Where Africa and Technology Collide!

Tag: development

The Subtle Condescension of “ICT4D”

I have cognitive dissonance over the term “ICT4D“. The term “ICT4D” is confusing, hypocritical and has a whiff of condescension that makes me cringe.

As I understand it, it’s what NGO’s do in places like Africa and Asia, but if the same things are done in poor communities in the US or Europe, it’s not called ICT4D, it’s called civil society innovation or a disruptive product.

I’ll be the first to say that I think more communications and technology tools in the hands of ordinary people is good, it’s what we need. For this reason I didn’t come down on the OLPC project, not because I agreed with it’s strategy or reason for existing, but because I simply think that getting more computers in kids hands is good idea.

So, let me be clear: I’m not against the practice of getting more ICT into Africa, I’m just don’t appreciate the condescension and hypocrisy that the term ICT4D comes with, and I’ll bring up the reasons that it actually constrains the technology innovation culture in Africa.

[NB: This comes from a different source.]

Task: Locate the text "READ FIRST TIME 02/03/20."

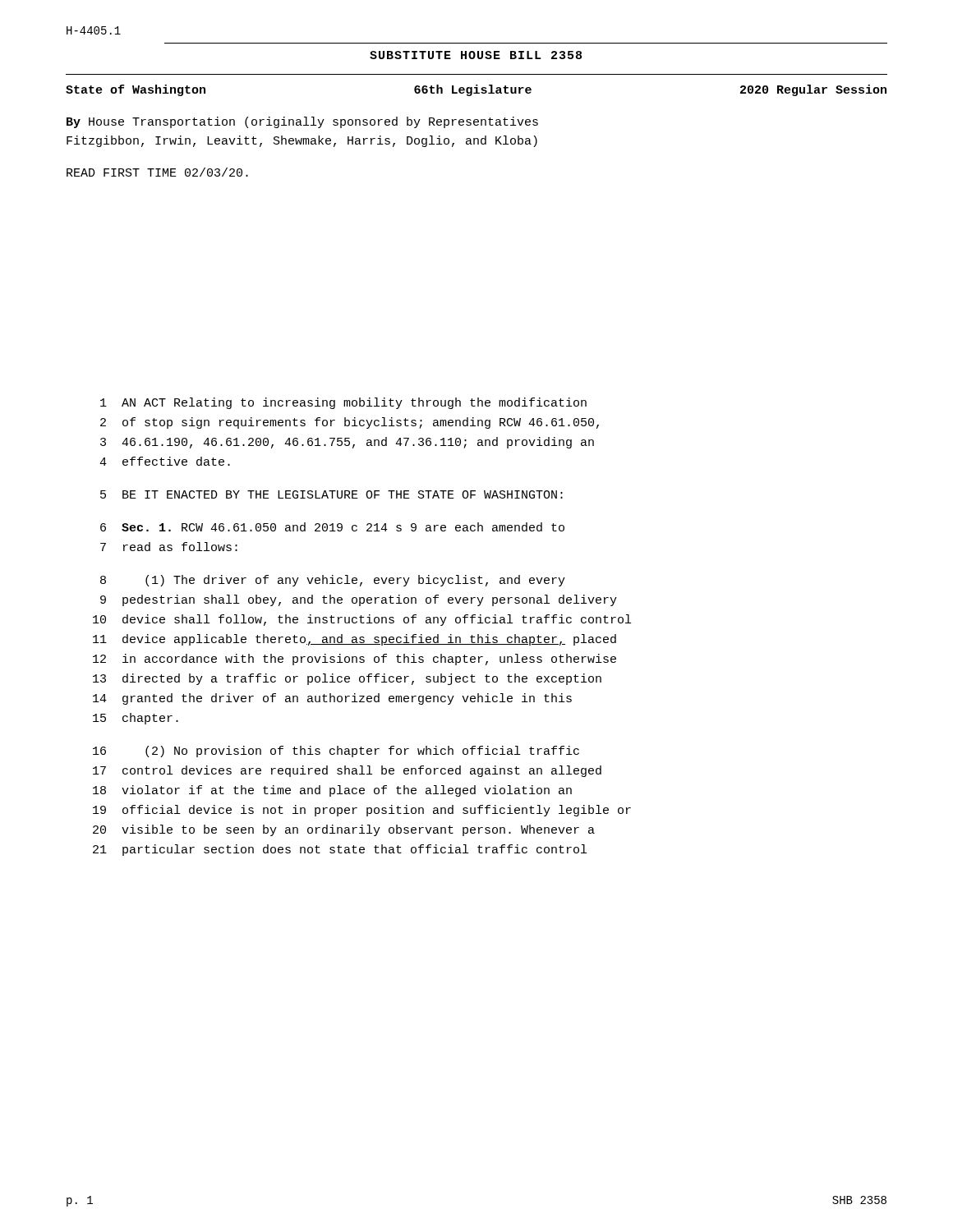Action: (x=158, y=174)
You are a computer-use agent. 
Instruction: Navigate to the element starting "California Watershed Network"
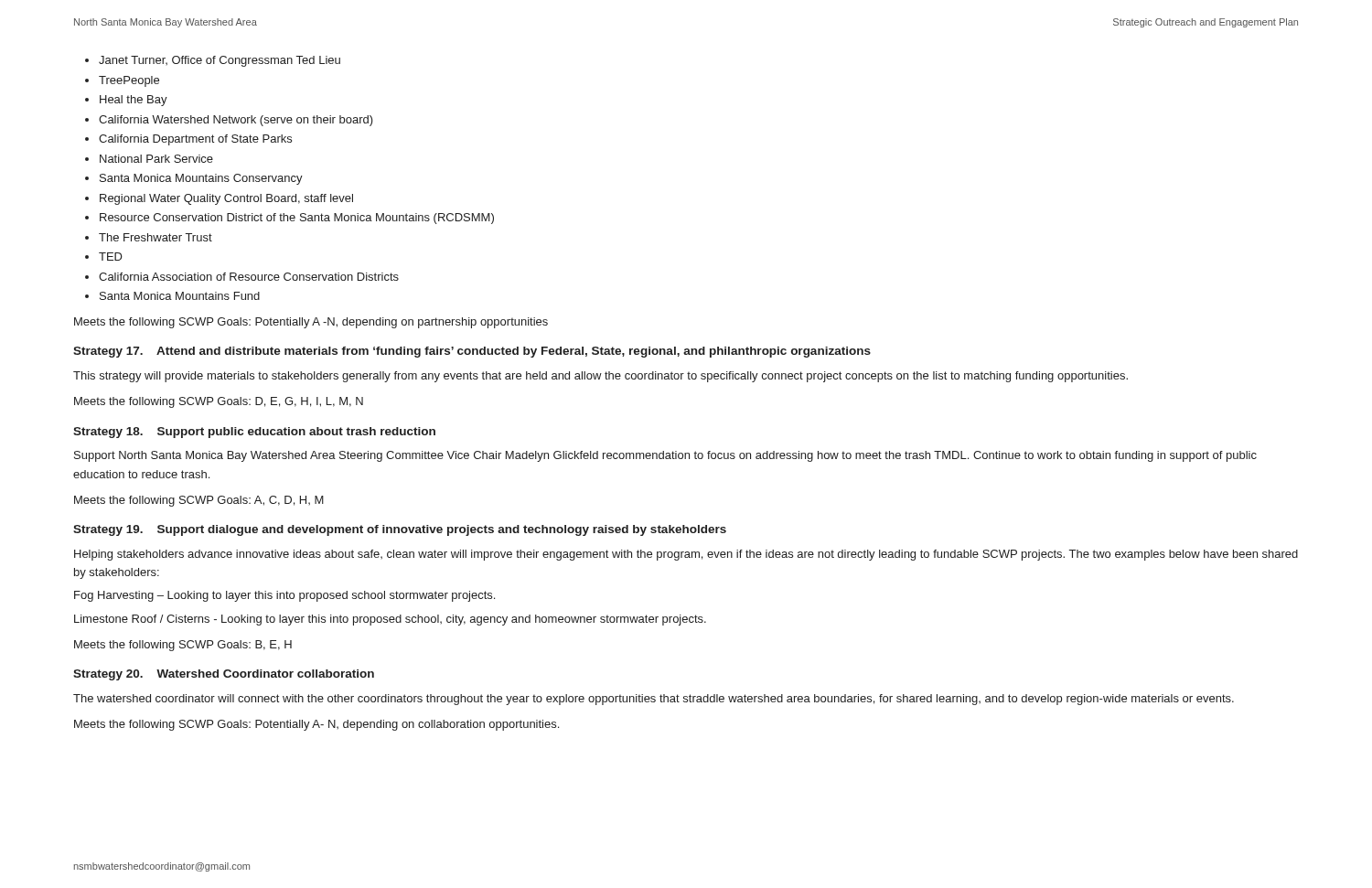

What do we really mean by “ICT4D”?

Ken Banks is doing a fun “ICT4D Postcards Project” where he’s asking people who work in that field to send him a picture with a note of why it matters to them. Though a fun project, I hesitated when asked to participate, because I’m particularly put off by the terminology. But, I did one, and here it is:

A few of the UN cars outside UNMIL in Liberia

“ICT4D” represents a mental roadblock. A term that brings as much baggage with it as a sea of white SUVs, representing the humanitarian industrial complex’s foray into the digital world. It means we’re trying to airlift in an infrastructure instead of investing in local technology solutions. Like the SUVs, it’s currently an import culture that will not last beyond the project’s funding and the personnel who parachuted in to do it.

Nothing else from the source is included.